# ACTION ITEM:
The entries that follow must be given again exactly, with no pictures kept.

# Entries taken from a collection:
+---+
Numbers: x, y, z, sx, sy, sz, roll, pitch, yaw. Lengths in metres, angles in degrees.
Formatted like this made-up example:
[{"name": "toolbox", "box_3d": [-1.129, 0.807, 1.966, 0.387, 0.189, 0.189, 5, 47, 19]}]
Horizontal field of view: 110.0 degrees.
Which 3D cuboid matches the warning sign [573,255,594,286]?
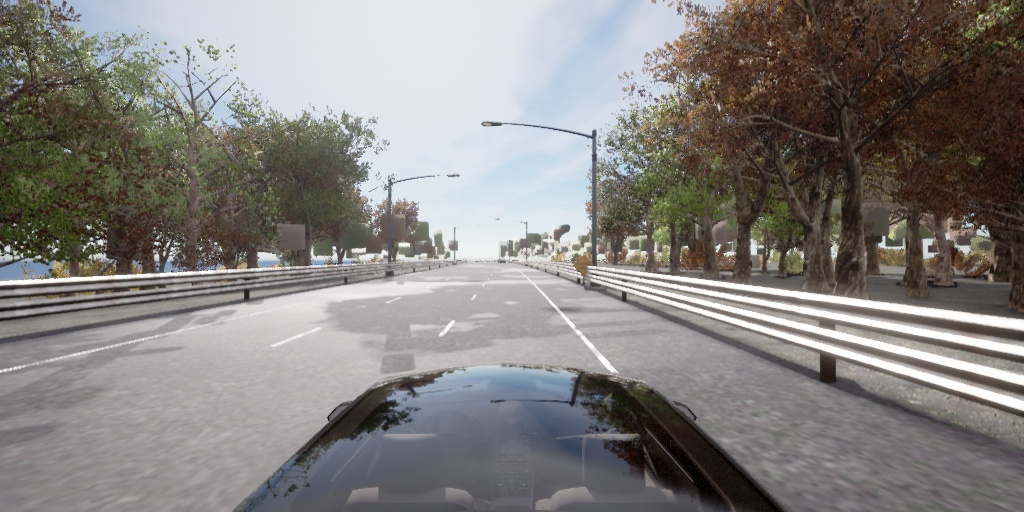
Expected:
[{"name": "warning sign", "box_3d": [4.413, 0.872, 22.022, 1.300, 1.860, 1.060, 0, 0, -1]}]
+---+
# YOUR SOLUTION:
Numbers: x, y, z, sx, sy, sz, roll, pitch, yaw. Lengths in metres, angles in degrees.
Formatted like this made-up example:
[{"name": "toolbox", "box_3d": [-1.129, 0.807, 1.966, 0.387, 0.189, 0.189, 5, 47, 19]}]
Horizontal field of view: 110.0 degrees.
Which 3D cuboid matches the warning sign [573,255,594,286]?
Expected:
[{"name": "warning sign", "box_3d": [4.413, 0.872, 22.022, 1.300, 1.860, 1.060, 0, 0, -1]}]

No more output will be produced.